I can’t be around them. I can’t even look at them?—

“April?”

I turn to see Donovan heading toward me, his brow etched with concern. “April?—”

“ You ,” I snarl, surprised at the anger that comes out of me. “You arrogant, self-absorbed, lying sack of shit ?—”

“April, stop.” He moves closer, and I step away from.

“Take one step closer and I make a scene out here and ruin your precious reputation,” I spit.

Donovan clenches his jaw, then nods. “Very well.” He looks at the phone in my hand. “What are you doing?”

“Getting a ride back to the packhouse, then leaving.”

He narrows his eyes. “The contract isn’t over.”

I bark out a laugh of disbelief. “No, it’s not. Don’t worry, I won’t be backing out of your events, even though I don’t belong in your world.”

I’m teetering between rage and shame, anger and despair.

Donovan sighs and runs a hand through his hair. “I didn’t mean for you to hear that. I’m sorry.”

“Are you sorry that I heard it, or sorry because it’s not true?”

I already know the answer; I don’t know why I’m torturing myself.

He shakes his head. “April?—”

“You made me believe it wasn’t about the contract anymore,” I insist, and he flinches. “I felt it with you. Why—why would you say those awful things?” My voice cracks. “Why are you like this, Donovan? What’s wrong with you ?”

I realize how ridiculous I sound. He could easily throw those words back in my face if he wanted.

I’m the one that’s in therapy because I can’t even handle a locked door.

He sighs and looks away. “You’re not good for the pack, April,” he says simply.

I blink.

The words hurt. They hurt so badly.

I want to fall onto the pavement and disappear.

But I stay frozen, staring into Donovan’s eyes in disbelief.

Baby steps.

I can take baby steps.

“That’s not true,” I say quietly. “I’ve been good for all three of you. I am good. I am a good person .”

It’s starting to rain.

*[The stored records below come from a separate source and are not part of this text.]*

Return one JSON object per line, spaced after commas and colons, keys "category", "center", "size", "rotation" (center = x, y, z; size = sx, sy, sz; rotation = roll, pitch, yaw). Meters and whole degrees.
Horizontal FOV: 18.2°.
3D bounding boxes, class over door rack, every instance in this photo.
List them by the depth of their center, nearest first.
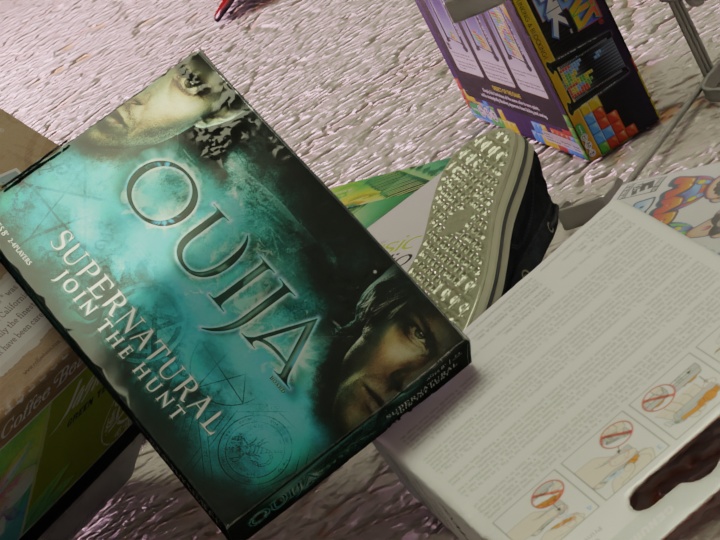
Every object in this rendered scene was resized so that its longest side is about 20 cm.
{"category": "over door rack", "center": [0.154, -0.136, 1.256], "size": [0.066, 0.148, 0.200], "rotation": [-13, 22, 48]}

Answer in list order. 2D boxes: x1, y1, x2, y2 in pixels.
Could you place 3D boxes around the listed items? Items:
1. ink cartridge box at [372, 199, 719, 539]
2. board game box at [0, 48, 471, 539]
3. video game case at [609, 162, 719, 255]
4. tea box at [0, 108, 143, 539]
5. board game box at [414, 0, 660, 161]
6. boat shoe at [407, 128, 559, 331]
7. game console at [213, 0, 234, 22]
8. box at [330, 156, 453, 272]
{"category": "ink cartridge box", "center": [0.107, 0.062, 0.940], "size": [0.160, 0.047, 0.200], "rotation": [-40, 31, -7]}
{"category": "board game box", "center": [-0.064, 0.007, 0.998], "size": [0.135, 0.200, 0.028], "rotation": [-37, -24, -13]}
{"category": "video game case", "center": [0.168, -0.001, 1.071], "size": [0.181, 0.024, 0.200], "rotation": [-12, 25, 38]}
{"category": "tea box", "center": [-0.201, 0.065, 1.091], "size": [0.200, 0.133, 0.197], "rotation": [-47, -17, -43]}
{"category": "board game box", "center": [0.091, -0.164, 1.385], "size": [0.057, 0.166, 0.200], "rotation": [-30, 20, -10]}
{"category": "boat shoe", "center": [0.056, 0.015, 1.130], "size": [0.074, 0.062, 0.201], "rotation": [-15, 37, 36]}
{"category": "game console", "center": [-0.039, -0.313, 2.184], "size": [0.171, 0.119, 0.200], "rotation": [8, 26, 5]}
{"category": "box", "center": [0.000, 0.000, 1.281], "size": [0.144, 0.036, 0.200], "rotation": [-13, 23, 36]}
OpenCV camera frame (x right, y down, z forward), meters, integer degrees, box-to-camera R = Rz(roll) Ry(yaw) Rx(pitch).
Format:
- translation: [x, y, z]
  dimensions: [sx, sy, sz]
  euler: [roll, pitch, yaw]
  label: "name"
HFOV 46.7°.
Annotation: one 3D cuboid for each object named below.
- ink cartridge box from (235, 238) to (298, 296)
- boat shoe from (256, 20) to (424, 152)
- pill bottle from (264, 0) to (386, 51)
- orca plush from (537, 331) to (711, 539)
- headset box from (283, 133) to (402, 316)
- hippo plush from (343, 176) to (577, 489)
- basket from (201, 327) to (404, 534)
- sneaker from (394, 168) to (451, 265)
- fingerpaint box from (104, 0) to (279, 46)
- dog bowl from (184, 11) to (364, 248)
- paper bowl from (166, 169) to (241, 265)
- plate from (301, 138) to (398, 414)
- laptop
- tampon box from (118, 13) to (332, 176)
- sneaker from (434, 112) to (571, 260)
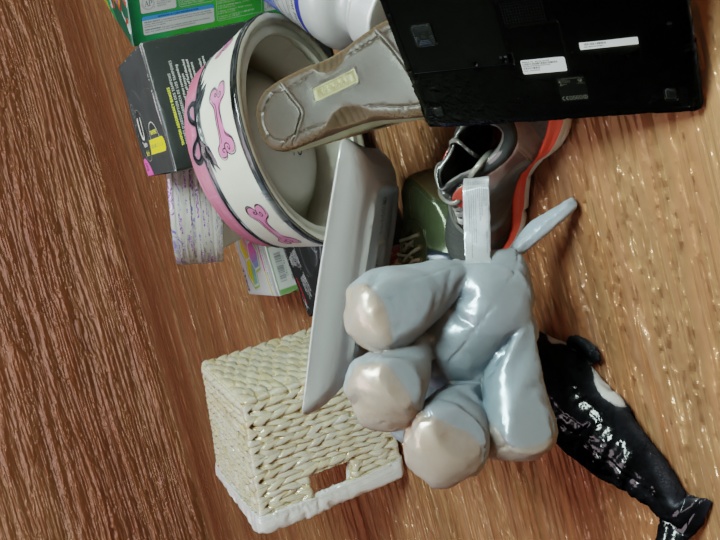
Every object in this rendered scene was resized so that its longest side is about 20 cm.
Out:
- translation: [-0.134, -0.024, 1.179]
  dimensions: [0.199, 0.058, 0.106]
  euler: [1, 108, 66]
  label: "ink cartridge box"
- translation: [0.019, -0.138, 0.618]
  dimensions: [0.196, 0.076, 0.074]
  euler: [-10, 88, 27]
  label: "boat shoe"
- translation: [-0.024, -0.251, 0.681]
  dimensions: [0.200, 0.111, 0.114]
  euler: [42, 144, 33]
  label: "pill bottle"
- translation: [0.151, 0.123, 0.606]
  dimensions: [0.202, 0.070, 0.106]
  euler: [59, 154, 30]
  label: "orca plush"
- translation: [-0.028, -0.058, 0.889]
  dimensions: [0.152, 0.076, 0.200]
  euler: [67, 156, 13]
  label: "headset box"
- translation: [0.045, 0.051, 0.602]
  dimensions: [0.161, 0.156, 0.205]
  euler: [147, 131, -68]
  label: "hippo plush"
- translation: [-0.078, 0.184, 1.023]
  dimensions: [0.199, 0.194, 0.165]
  euler: [19, 121, 63]
  label: "basket"
- translation: [0.057, 0.017, 0.724]
  dimensions: [0.067, 0.088, 0.205]
  euler: [-29, 79, 68]
  label: "sneaker"
- translation: [-0.174, -0.326, 0.878]
  dimensions: [0.168, 0.196, 0.074]
  euler: [53, 151, 39]
  label: "fingerpaint box"
- translation: [-0.073, -0.112, 0.725]
  dimensions: [0.072, 0.199, 0.205]
  euler: [-15, 92, 28]
  label: "dog bowl"
- translation: [-0.193, -0.112, 1.062]
  dimensions: [0.200, 0.102, 0.206]
  euler: [174, 90, -80]
  label: "paper bowl"
- translation: [0.000, 0.000, 0.688]
  dimensions: [0.199, 0.032, 0.205]
  euler: [-26, -55, -79]
  label: "plate"
- translation: [0.099, -0.196, 0.469]
  dimensions: [0.174, 0.104, 0.202]
  euler: [3, 137, 34]
  label: "laptop"
- translation: [-0.139, -0.187, 0.895]
  dimensions: [0.149, 0.196, 0.129]
  euler: [8, 114, 65]
  label: "tampon box"
- translation: [0.082, -0.069, 0.617]
  dimensions: [0.078, 0.080, 0.202]
  euler: [58, 153, 29]
  label: "sneaker"
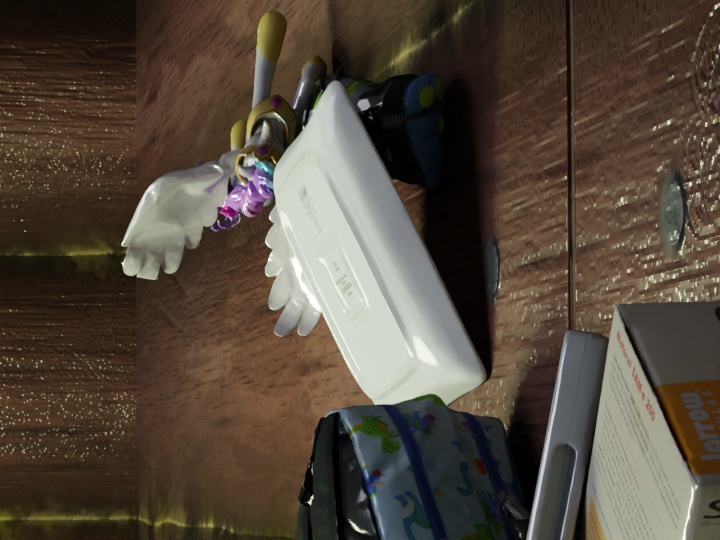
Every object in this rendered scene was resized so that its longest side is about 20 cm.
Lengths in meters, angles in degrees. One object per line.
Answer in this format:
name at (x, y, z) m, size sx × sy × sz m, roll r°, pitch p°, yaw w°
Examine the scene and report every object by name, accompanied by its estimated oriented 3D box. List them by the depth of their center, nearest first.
supplement box at (0.134, 0.128, 1.016) m, size 0.126 × 0.073 × 0.201 m, roll -106°, pitch 19°, yaw -57°
video game case at (0.086, 0.127, 1.149) m, size 0.200 × 0.022 × 0.183 m, roll 50°, pitch -129°, yaw -79°
backpack at (0.031, 0.165, 1.412) m, size 0.200 × 0.153 × 0.163 m, roll 59°, pitch 156°, yaw 27°
plate at (0.000, 0.000, 1.604) m, size 0.201 × 0.032 × 0.200 m, roll 64°, pitch 165°, yaw 6°
sneaker at (0.006, -0.088, 1.640) m, size 0.200 × 0.082 × 0.071 m, roll -166°, pitch 77°, yaw -78°
pony figurine at (-0.080, -0.072, 1.967) m, size 0.200 × 0.166 × 0.194 m, roll -79°, pitch 6°, yaw -56°
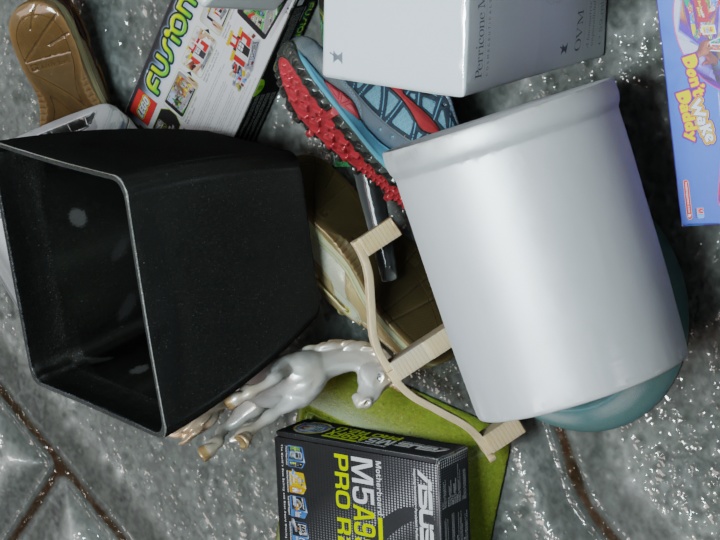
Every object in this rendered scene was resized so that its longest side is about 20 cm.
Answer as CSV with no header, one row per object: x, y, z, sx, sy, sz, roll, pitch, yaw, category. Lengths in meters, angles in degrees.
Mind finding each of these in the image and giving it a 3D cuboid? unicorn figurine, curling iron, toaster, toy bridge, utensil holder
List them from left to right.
-0.228,-0.050,1.842,0.199,0.114,0.129,-18,123,25,toaster
-0.061,0.094,1.734,0.199,0.137,0.074,8,122,44,unicorn figurine
0.010,-0.091,1.702,0.049,0.026,0.201,-3,93,34,curling iron
0.048,0.061,1.692,0.067,0.027,0.200,-32,96,-4,toy bridge
0.125,-0.014,1.559,0.169,0.170,0.201,-14,96,38,utensil holder

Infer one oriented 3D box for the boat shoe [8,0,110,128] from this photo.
-0.241,-0.147,1.892,0.072,0.072,0.201,-10,118,14,boat shoe

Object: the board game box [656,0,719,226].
0.276,-0.133,1.522,0.134,0.045,0.201,0,102,37,board game box

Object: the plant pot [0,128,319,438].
-0.144,-0.011,1.709,0.199,0.177,0.201,16,119,51,plant pot

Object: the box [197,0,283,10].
-0.072,-0.316,1.669,0.200,0.106,0.152,-44,73,24,box

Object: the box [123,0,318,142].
-0.111,-0.179,1.803,0.110,0.035,0.200,40,122,22,box

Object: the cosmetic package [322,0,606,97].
0.077,-0.238,1.544,0.123,0.200,0.200,12,110,34,cosmetic package

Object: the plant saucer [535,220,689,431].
0.150,0.026,1.670,0.199,0.027,0.201,10,107,35,plant saucer

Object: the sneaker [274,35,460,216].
0.024,-0.114,1.660,0.200,0.096,0.079,42,163,-17,sneaker

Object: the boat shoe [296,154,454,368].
0.000,0.000,1.753,0.200,0.074,0.066,52,144,10,boat shoe

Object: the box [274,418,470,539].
0.011,0.226,1.754,0.160,0.044,0.201,8,106,36,box

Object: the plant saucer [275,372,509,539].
0.010,0.189,1.804,0.199,0.048,0.201,23,115,30,plant saucer

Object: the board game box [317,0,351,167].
0.016,-0.179,1.718,0.104,0.023,0.201,2,103,34,board game box
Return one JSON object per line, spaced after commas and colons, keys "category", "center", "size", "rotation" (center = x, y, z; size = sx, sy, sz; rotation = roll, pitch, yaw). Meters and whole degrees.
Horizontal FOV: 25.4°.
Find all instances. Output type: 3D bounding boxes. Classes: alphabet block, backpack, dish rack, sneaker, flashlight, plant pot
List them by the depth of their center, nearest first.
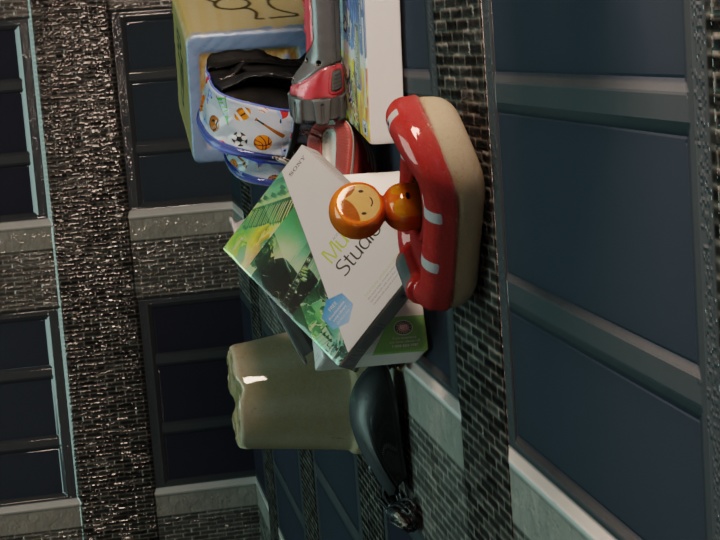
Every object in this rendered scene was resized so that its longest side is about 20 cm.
{"category": "flashlight", "center": [-0.051, -0.263, 1.756], "size": [0.068, 0.068, 0.201], "rotation": [-110, 16, -68]}
{"category": "sneaker", "center": [-0.015, -0.070, 1.839], "size": [0.115, 0.078, 0.201], "rotation": [10, -91, -64]}
{"category": "dish rack", "center": [-0.093, 0.013, 1.850], "size": [0.172, 0.043, 0.200], "rotation": [63, 179, -10]}
{"category": "backpack", "center": [-0.103, -0.191, 1.944], "size": [0.200, 0.190, 0.154], "rotation": [-116, 41, -62]}
{"category": "plant pot", "center": [-0.073, 0.152, 2.045], "size": [0.200, 0.183, 0.201], "rotation": [174, 90, -80]}
{"category": "alphabet block", "center": [-0.164, -0.286, 2.305], "size": [0.200, 0.195, 0.197], "rotation": [-112, 20, -61]}

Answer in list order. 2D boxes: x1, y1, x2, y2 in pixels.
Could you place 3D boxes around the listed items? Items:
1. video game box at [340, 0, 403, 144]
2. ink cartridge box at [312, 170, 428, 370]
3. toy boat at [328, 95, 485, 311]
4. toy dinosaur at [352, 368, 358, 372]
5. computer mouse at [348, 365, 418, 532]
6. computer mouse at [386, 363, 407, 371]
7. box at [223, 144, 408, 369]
{"category": "video game box", "center": [0.008, -0.254, 1.746], "size": [0.182, 0.047, 0.201], "rotation": [-118, 24, -72]}
{"category": "ink cartridge box", "center": [0.000, 0.000, 1.721], "size": [0.067, 0.117, 0.201], "rotation": [118, 147, -73]}
{"category": "toy boat", "center": [0.036, -0.059, 1.433], "size": [0.131, 0.130, 0.200], "rotation": [-109, 16, -53]}
{"category": "toy dinosaur", "center": [-0.039, 0.026, 1.889], "size": [0.200, 0.047, 0.088], "rotation": [59, -173, -29]}
{"category": "computer mouse", "center": [0.020, 0.207, 1.882], "size": [0.138, 0.053, 0.201], "rotation": [-169, 70, -82]}
{"category": "computer mouse", "center": [0.021, 0.015, 1.824], "size": [0.110, 0.044, 0.201], "rotation": [-127, 33, -74]}
{"category": "box", "center": [-0.035, -0.016, 1.656], "size": [0.200, 0.144, 0.036], "rotation": [44, -169, 29]}

The air smells like wet pavement and Donovan, and my legs feel like they might give out if I stay near him any longer.

“I’ll call you a ride,” he says, completely ignoring my statement.

“Fuck your ride,” I snap, my voice shaky. “I’m calling my own.”

I head away from the hotel, ignoring Donovan’s snarl as he calls my name. I freeze, wanting to turn around and obey him.

His commanding tone washes over me, but still, I walk on, my heel catching on the sidewalk.

I almost trip, adding insult to injury.

I don’t know how long I walk, storming off like I’m in some awful romantic comedy.

It’s all so embarrassing.

If what Donovan said about Liam and Hunter is true…

Then they’ll have no trouble finding someone else.

Someone that’s not a nobody.

Do not spiral. Save it for later.

Save it for Skylar and Devyn.

I text my best friend, telling her I’ll be back in Isleton in a few hours, not caring how expensive ordering a ride back from the packhouse will be.

Especially when I open the rideshare app and see the obscene number of credits that somebody deposited into my account.

I shake my head, unable to understand Donovan’s contradictions.

But I realize as my driver pulls up that it doesn’t matter anymore.

I’m not good for the pack.

I pack my things as quickly as I can and ignore the texts from Liam and Hunter asking where I am.

I want to get out of here without seeing them because I know the moment I witness the hurt on Liam’s face, I’ll break down.

He and Hunter would fight for me, and it would make things worse in the end.

I peel off my dress and kick off my shoes in my bedroom—but it’s not really my bedroom, is it?

I can’t believe how stupid I was. I knew going in that this would be messy, but I still did it.

I still allowed myself to be happy and to enjoy board games, painting in their studio, and baking cookies with them.

I ignore Skylar’s calls. I can’t handle talking to her right now.

I need the quiet of a ridiculously long car ride to prepare for her, Devyn, and my mother.

Taking one last look around the bedroom, suitcase in hand, I pause at what lies on my— the —vanity.

It’s the glass rose that Liam gave me when we met. The gesture that meant so much, because actual flowers die, but his gift was permanent.

I stare at it; my fingers itching to grab it and take it with me.

But my phone dings, announcing my ride is here.

I turn and leave the gift on the vanity.